(EXERCISE): Extract every line from the records below that contains the word "each".

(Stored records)
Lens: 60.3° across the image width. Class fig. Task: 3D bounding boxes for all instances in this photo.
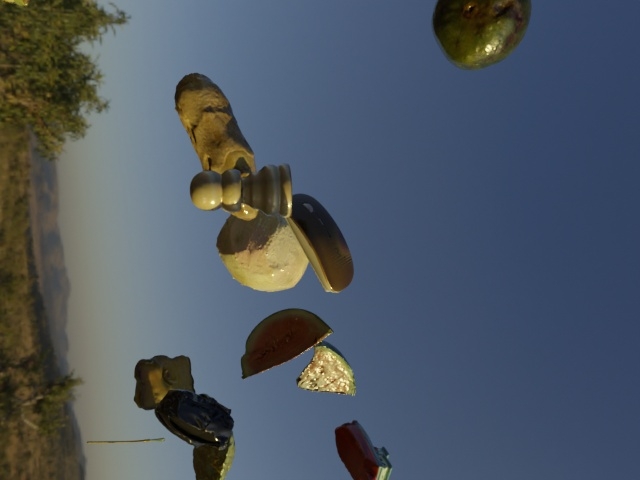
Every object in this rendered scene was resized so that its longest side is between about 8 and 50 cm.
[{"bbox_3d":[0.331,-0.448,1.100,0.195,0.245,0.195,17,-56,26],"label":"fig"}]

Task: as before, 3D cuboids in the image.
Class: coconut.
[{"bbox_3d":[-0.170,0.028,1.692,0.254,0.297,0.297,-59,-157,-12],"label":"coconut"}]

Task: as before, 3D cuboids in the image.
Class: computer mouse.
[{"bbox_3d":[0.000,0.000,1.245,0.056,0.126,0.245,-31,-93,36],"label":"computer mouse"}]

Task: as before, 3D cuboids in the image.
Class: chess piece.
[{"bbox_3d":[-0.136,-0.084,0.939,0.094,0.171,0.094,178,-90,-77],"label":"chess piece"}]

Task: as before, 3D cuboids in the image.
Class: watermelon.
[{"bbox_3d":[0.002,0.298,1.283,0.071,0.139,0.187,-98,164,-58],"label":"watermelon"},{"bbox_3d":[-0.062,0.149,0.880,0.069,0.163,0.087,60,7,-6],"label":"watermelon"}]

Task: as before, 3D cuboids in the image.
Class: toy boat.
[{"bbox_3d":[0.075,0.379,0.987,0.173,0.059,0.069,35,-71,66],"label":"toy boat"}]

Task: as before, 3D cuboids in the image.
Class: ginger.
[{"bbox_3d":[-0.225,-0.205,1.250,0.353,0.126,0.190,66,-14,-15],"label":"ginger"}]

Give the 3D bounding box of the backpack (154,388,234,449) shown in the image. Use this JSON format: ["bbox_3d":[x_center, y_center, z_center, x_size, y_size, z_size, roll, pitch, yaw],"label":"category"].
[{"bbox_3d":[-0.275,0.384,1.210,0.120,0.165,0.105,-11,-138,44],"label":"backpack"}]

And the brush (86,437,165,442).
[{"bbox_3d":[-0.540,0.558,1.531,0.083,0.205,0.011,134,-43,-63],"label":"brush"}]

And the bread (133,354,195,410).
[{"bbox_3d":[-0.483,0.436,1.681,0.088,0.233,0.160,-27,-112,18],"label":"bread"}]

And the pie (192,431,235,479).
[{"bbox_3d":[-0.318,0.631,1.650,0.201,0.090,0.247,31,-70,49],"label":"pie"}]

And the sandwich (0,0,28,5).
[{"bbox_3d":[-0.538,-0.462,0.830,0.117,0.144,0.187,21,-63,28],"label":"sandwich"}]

--

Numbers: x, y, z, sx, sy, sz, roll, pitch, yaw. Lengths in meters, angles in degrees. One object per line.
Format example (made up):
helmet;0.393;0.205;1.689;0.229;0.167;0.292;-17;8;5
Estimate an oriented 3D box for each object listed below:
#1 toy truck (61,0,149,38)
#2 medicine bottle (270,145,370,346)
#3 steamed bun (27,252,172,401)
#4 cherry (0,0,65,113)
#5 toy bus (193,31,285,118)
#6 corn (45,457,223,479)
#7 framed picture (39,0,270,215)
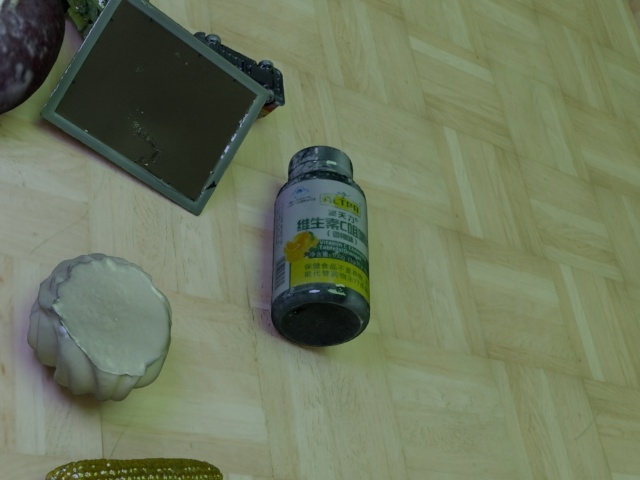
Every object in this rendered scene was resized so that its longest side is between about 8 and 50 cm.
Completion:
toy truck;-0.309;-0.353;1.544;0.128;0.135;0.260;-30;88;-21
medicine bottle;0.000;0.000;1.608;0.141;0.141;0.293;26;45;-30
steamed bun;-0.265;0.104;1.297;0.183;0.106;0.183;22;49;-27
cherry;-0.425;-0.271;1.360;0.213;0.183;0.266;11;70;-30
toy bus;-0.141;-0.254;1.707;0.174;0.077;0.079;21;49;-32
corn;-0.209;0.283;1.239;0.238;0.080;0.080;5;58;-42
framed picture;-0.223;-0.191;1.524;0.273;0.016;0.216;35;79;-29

* * *

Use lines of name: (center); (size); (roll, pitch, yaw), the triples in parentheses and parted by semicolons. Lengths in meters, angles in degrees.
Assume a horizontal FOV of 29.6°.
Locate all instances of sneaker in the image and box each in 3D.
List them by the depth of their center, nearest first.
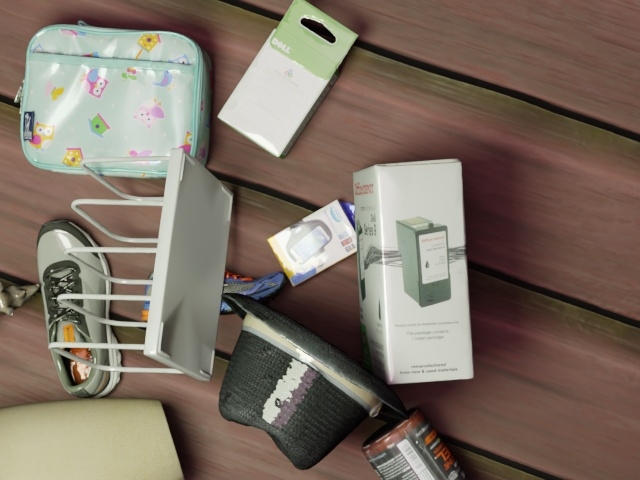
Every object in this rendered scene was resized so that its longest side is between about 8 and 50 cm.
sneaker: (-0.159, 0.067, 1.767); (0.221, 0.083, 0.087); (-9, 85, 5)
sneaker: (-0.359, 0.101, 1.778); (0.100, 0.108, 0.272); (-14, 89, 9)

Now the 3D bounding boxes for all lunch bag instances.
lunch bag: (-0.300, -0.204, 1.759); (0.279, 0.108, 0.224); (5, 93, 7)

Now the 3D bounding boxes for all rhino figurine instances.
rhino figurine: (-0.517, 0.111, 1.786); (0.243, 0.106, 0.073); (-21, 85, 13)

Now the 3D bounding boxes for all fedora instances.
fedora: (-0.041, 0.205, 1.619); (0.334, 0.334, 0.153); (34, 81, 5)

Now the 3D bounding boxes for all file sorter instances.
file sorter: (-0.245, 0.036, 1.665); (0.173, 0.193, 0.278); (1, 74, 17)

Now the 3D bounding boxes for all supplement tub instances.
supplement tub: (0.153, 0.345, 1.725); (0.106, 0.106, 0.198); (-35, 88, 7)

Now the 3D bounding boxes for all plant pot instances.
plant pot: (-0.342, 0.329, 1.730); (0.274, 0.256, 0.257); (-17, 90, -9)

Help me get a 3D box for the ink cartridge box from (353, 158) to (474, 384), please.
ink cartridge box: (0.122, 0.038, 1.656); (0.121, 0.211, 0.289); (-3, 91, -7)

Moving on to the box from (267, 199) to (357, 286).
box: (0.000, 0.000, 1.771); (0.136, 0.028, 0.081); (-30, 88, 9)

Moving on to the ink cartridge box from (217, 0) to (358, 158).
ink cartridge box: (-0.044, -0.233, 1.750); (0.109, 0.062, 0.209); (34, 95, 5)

(WRITTEN ANSWER):
Estimate an oriented 3D box for each object listed below:
Locate all instances of sneaker in the image and box each in 3D.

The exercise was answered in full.